Expression-level distribution#
DataFusion expressions support distribution directly: pass one to a
worker process and Python’s standard
pickle machinery
serializes it transparently — the same machinery
multiprocessing.pool.Pool.map(), Ray’s @ray.remote, and
similar libraries already use to ship function arguments. Python UDFs
— scalar, aggregate, and window — travel inside the serialized
expression; the receiver does not need to pre-register them.
Basic worker-pool example#
Define a worker function that takes the expression plus a batch and returns the evaluated result:
import pyarrow as pa
from datafusion import SessionContext
def evaluate(expr, batch):
# `expr` arrived here via the pool's automatic pickling —
# no manual serialization needed in user code.
ctx = SessionContext()
df = ctx.from_pydict({"a": batch})
return df.with_column("result", expr).select("result").to_pydict()["result"]

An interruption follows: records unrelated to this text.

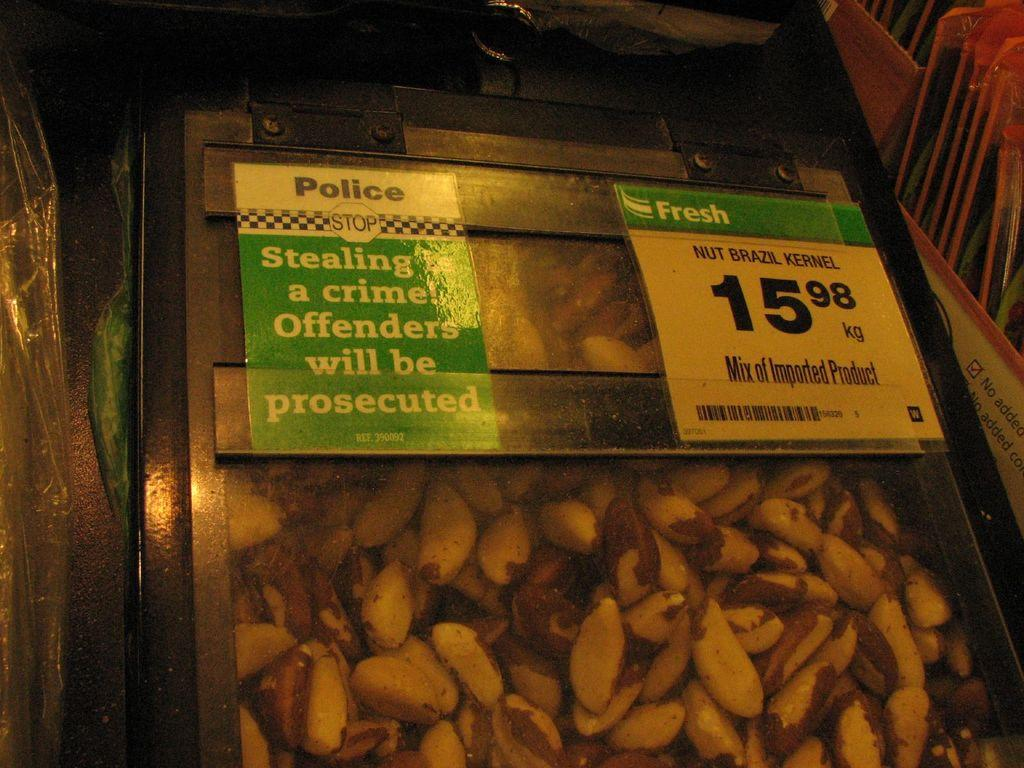What type of food is shown in the image? There are nut Brazil kernels in the image. Are there any additional items or features related to the nuts? Yes, there are two papers pasted on the box containing the nuts. What type of coat is the representative wearing in the image? There is no representative or coat present in the image; it only features nut Brazil kernels and papers pasted on a box. 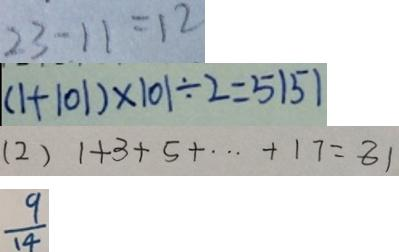<formula> <loc_0><loc_0><loc_500><loc_500>2 3 - 1 1 = 1 2 
 ( 1 + 1 0 1 ) \times 1 0 1 \div 2 = 5 1 5 1 
 ( 2 ) 1 + 3 + 5 + \cdots + 1 7 = 8 1 
 \frac { 9 } { 1 4 }</formula> 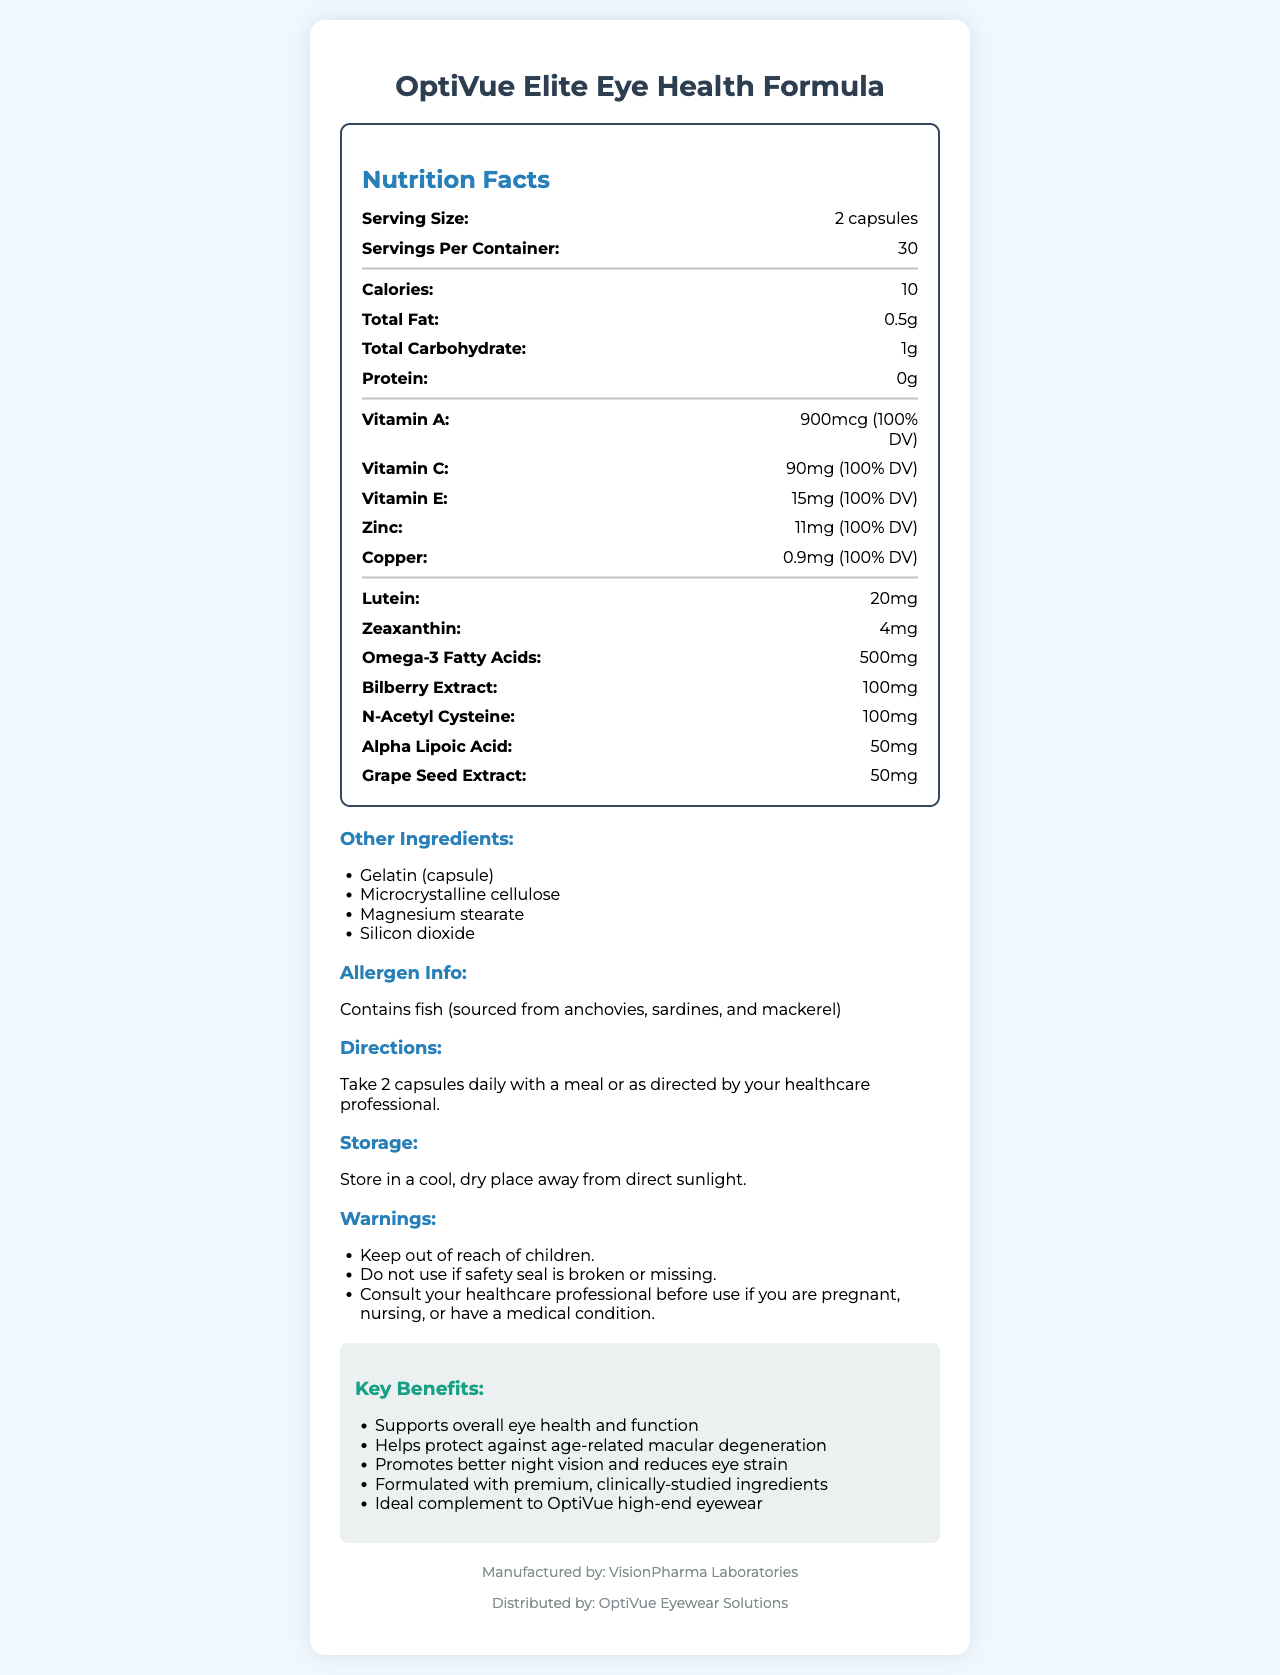what is the serving size? The document states that the serving size for OptiVue Elite Eye Health Formula is 2 capsules.
Answer: 2 capsules how many servings are in a container? According to the document, there are 30 servings per container of OptiVue Elite Eye Health Formula.
Answer: 30 what is the total amount of omega-3 fatty acids per serving? The nutrition facts mention that each serving contains 500mg of omega-3 fatty acids.
Answer: 500mg how many calories are in a serving? The document specifies that there are 10 calories per serving.
Answer: 10 what percentage of the Daily Value does the Vitamin A content represent? The document lists the Vitamin A content as 900mcg, which is 100% of the Daily Value.
Answer: 100% which ingredients are specifically associated with eye health in the product? The ingredients specifically associated with eye health listed in the document are Lutein (20mg) and Zeaxanthin (4mg).
Answer: Lutein, Zeaxanthin which vitamin has the highest amount per serving in milligrams? Vitamin C has 90mg per serving, which is the highest amount compared to the other vitamins listed.
Answer: Vitamin C what are the directions for using this supplement? The document indicates that the users should take 2 capsules daily with a meal or as directed by their healthcare professional.
Answer: Take 2 capsules daily with a meal or as directed by your healthcare professional. what is the main allergen present in the product? The allergen information section states that the product contains fish, sourced from anchovies, sardines, and mackerel.
Answer: Fish (sourced from anchovies, sardines, and mackerel) summarize the key benefits of the OptiVue Elite Eye Health Formula. The key benefits listed in the document demonstrate that this supplement supports overall eye health, helps protect against age-related macular degeneration, promotes better night vision, reduces eye strain, and is formulated with premium ingredients.
Answer: Supports overall eye health and function, helps protect against age-related macular degeneration, promotes better night vision and reduces eye strain, formulated with premium, clinically-studied ingredients, ideal complement to OptiVue high-end eyewear who manufactures the OptiVue Elite Eye Health Formula? The footer of the document states that VisionPharma Laboratories manufactures the product.
Answer: VisionPharma Laboratories what other ingredients are included in this supplement (excluding main nutrients and key ingredients)? The "Other Ingredients" section lists Gelatin (capsule), Microcrystalline cellulose, Magnesium stearate, and Silicon dioxide.
Answer: Gelatin (capsule), Microcrystalline cellulose, Magnesium stearate, Silicon dioxide what two minerals are present in the OptiVue Elite Eye Health Formula? 
A. Iron and Calcium
B. Zinc and Copper
C. Magnesium and Potassium 
D. Sodium and Phosphorus The document lists Zinc and Copper as minerals included in the formula, whereas Iron, Calcium, Magnesium, Potassium, Sodium, and Phosphorus are not mentioned.
Answer: B. Zinc and Copper what is the storage recommendation for this supplement?
A. Store in a freezer
B. Store at room temperature
C. Store in a cool, dry place away from direct sunlight
D. Store in the refrigerator The storage instructions in the document recommend storing the supplement in a cool, dry place away from direct sunlight.
Answer: C. Store in a cool, dry place away from direct sunlight is this supplement suitable for children? The document clearly states a warning to keep the product out of reach of children.
Answer: No why might someone need to consult their healthcare professional before using this supplement? The warnings advise consulting a healthcare professional before use if you are pregnant, nursing, or have a medical condition.
Answer: People who are pregnant, nursing, or have a medical condition. what is the purpose of the provided list of marketing claims? The marketing claims section is designed to emphasize the advantages and potential efficacy of the OptiVue Elite Eye Health Formula for promoting eye health.
Answer: To highlight the benefits and effectiveness of the supplement for which specific condition does OptiVue Elite Eye Health Formula help provide protection? One of the marketing claims mentions that the formula helps protect against age-related macular degeneration.
Answer: Age-related macular degeneration what is the name of the product's distributor? According to the document, OptiVue Eyewear Solutions distributes the product.
Answer: OptiVue Eyewear Solutions what is the exact formula for determining the Daily Value percentages of vitamins? The document provides the Daily Value percentages for the specific vitamins but does not detail the formula used to calculate these percentages.
Answer: Cannot be determined

Then build the expression in the driver and fan it out:
import multiprocessing as mp
from datafusion import col, udf
double = udf(
lambda arr: pa.array([(v.as_py() or 0) * 2 for v in arr]),
[pa.int64()], pa.int64(), volatility="immutable", name="double",
)
expr = double(col("a"))
mp_ctx = mp.get_context("forkserver")
with mp_ctx.Pool(processes=4) as pool:
results = pool.starmap(
evaluate,
[(expr, [1, 2, 3]), (expr, [10, 20, 30])],
)
print(results) # [[2, 4, 6], [20, 40, 60]]
Note
When saved to a .py file and executed with the spawn or
forkserver start method, wrap the driver block in
if __name__ == "__main__": so worker processes can re-import
the module without re-running it. This is a standard Python
multiprocessing requirement, not DataFusion-specific —
see Safe importing of main module
in the Python docs.
What travels with the expression#
Built-in functions (
abs,length, arithmetic, comparisons, etc.) — fully portable. Worker needs nothing pre-registered.Python UDFs — travel inline (subject to the two portability requirements below). The callable, its signature, and any state captured in closures travel inside the serialized expression and are reconstructed on the worker automatically. Applies equally to:
scalar UDFs (
datafusion.udf())aggregate UDFs (
datafusion.udaf())window UDFs (
datafusion.udwf())
UDFs imported via the FFI capsule protocol — travel by name only. The worker must already have a matching registration on its
SessionContext. Without that registration, evaluation raises an error.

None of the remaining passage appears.